> [Activity]:
Print the lines of the listing below verbatim from its first line through the line bearing "end assert_equals;". Any pictures are to be omitted.

> [Listed entries]:
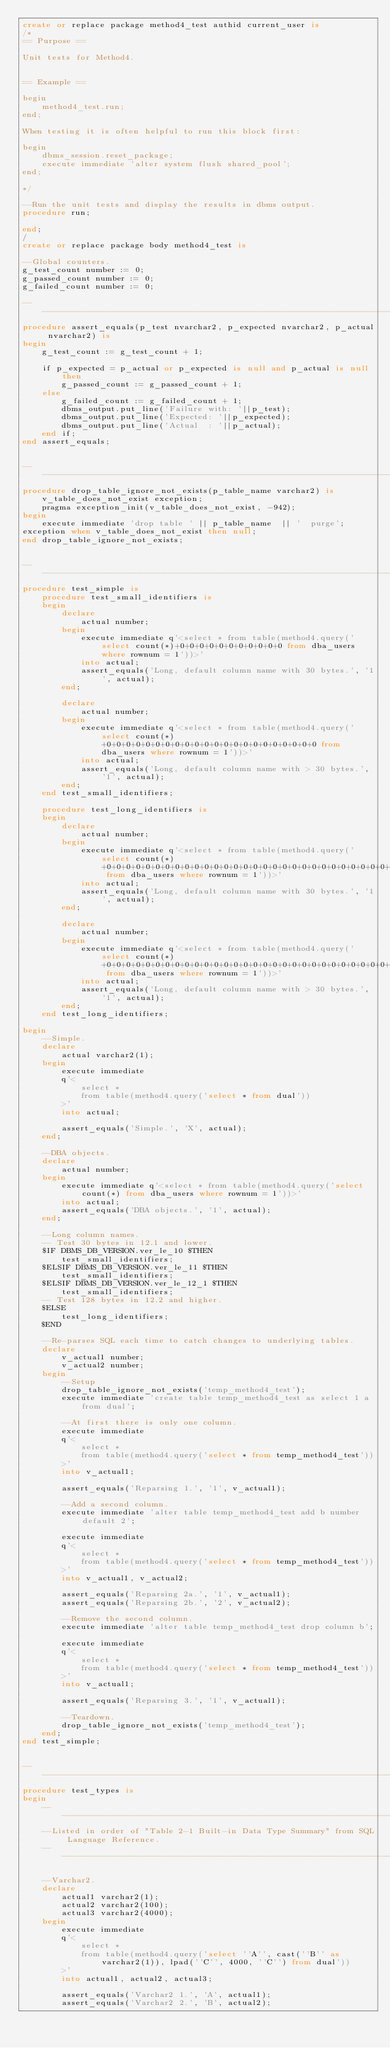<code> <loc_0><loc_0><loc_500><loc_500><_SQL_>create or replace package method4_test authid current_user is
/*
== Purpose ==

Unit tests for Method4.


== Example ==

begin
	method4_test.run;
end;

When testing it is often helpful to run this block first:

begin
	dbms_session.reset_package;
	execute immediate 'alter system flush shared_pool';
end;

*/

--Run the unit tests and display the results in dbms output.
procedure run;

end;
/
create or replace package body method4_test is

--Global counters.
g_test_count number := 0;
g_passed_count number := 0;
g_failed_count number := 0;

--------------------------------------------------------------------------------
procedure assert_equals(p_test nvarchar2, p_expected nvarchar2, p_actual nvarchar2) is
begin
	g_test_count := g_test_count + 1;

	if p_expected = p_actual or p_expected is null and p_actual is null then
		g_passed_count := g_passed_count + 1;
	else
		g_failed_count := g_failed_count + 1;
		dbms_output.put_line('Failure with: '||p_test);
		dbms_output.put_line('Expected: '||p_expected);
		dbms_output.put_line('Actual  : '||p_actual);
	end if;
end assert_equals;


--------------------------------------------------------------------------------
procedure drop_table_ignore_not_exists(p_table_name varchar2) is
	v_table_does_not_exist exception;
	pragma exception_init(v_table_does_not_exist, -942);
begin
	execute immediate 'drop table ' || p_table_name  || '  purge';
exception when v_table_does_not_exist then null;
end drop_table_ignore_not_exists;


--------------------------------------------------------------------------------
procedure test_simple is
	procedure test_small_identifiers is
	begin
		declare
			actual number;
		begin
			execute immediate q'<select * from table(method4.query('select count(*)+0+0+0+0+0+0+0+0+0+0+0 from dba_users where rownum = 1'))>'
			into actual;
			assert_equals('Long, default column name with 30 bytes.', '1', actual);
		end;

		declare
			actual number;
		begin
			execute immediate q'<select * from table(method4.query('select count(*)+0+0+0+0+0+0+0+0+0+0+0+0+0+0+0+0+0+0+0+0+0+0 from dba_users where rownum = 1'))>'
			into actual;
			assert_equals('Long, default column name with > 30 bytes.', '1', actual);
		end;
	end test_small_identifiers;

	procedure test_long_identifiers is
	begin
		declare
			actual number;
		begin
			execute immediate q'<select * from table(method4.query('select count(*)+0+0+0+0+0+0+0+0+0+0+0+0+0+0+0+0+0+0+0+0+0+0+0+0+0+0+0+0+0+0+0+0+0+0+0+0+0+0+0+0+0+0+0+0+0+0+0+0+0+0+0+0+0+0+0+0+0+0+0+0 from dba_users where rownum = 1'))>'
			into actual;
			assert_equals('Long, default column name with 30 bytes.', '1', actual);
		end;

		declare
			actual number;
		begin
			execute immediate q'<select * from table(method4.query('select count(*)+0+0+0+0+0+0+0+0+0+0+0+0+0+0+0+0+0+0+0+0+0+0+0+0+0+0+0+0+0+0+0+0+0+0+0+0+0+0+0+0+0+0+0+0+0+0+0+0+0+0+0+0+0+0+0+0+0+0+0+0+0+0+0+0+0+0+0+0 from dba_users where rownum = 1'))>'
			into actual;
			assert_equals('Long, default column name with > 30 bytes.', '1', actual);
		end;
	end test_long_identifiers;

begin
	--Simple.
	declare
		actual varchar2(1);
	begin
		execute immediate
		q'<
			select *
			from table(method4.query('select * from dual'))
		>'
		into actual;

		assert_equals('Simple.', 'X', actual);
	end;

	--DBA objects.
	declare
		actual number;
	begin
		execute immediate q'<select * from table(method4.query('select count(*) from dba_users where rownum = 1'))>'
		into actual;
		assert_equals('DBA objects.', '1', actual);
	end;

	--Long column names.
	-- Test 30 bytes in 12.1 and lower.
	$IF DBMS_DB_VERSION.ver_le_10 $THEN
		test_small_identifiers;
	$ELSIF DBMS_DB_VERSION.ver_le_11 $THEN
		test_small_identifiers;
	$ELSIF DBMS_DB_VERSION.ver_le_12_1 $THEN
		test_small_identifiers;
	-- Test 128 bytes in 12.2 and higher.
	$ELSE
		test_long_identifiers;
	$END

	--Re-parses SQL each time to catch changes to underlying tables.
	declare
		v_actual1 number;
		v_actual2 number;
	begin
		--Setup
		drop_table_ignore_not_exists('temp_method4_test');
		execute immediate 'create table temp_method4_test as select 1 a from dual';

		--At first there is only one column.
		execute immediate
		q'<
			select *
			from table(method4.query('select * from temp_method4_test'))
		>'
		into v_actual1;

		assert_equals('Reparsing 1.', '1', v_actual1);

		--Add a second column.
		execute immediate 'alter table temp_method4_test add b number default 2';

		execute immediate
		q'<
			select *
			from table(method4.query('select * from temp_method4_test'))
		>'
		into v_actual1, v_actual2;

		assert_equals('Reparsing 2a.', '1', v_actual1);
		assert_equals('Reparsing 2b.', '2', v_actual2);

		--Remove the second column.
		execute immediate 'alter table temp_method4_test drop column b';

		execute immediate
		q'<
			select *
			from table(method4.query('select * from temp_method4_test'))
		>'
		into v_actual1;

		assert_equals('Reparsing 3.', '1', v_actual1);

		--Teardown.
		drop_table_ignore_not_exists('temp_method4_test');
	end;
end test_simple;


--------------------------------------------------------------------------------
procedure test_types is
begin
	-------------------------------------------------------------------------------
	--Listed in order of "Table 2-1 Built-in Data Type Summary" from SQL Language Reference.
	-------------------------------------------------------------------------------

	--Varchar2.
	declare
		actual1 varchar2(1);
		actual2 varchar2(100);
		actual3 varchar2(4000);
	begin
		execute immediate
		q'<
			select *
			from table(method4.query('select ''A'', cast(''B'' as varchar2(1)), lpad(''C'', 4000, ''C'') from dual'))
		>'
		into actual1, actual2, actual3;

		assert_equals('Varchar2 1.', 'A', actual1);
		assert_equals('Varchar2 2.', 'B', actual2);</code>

> [Finished exercise]:
<code> <loc_0><loc_0><loc_500><loc_500><_SQL_>create or replace package method4_test authid current_user is
/*
== Purpose ==

Unit tests for Method4.


== Example ==

begin
	method4_test.run;
end;

When testing it is often helpful to run this block first:

begin
	dbms_session.reset_package;
	execute immediate 'alter system flush shared_pool';
end;

*/

--Run the unit tests and display the results in dbms output.
procedure run;

end;
/
create or replace package body method4_test is

--Global counters.
g_test_count number := 0;
g_passed_count number := 0;
g_failed_count number := 0;

--------------------------------------------------------------------------------
procedure assert_equals(p_test nvarchar2, p_expected nvarchar2, p_actual nvarchar2) is
begin
	g_test_count := g_test_count + 1;

	if p_expected = p_actual or p_expected is null and p_actual is null then
		g_passed_count := g_passed_count + 1;
	else
		g_failed_count := g_failed_count + 1;
		dbms_output.put_line('Failure with: '||p_test);
		dbms_output.put_line('Expected: '||p_expected);
		dbms_output.put_line('Actual  : '||p_actual);
	end if;
end assert_equals;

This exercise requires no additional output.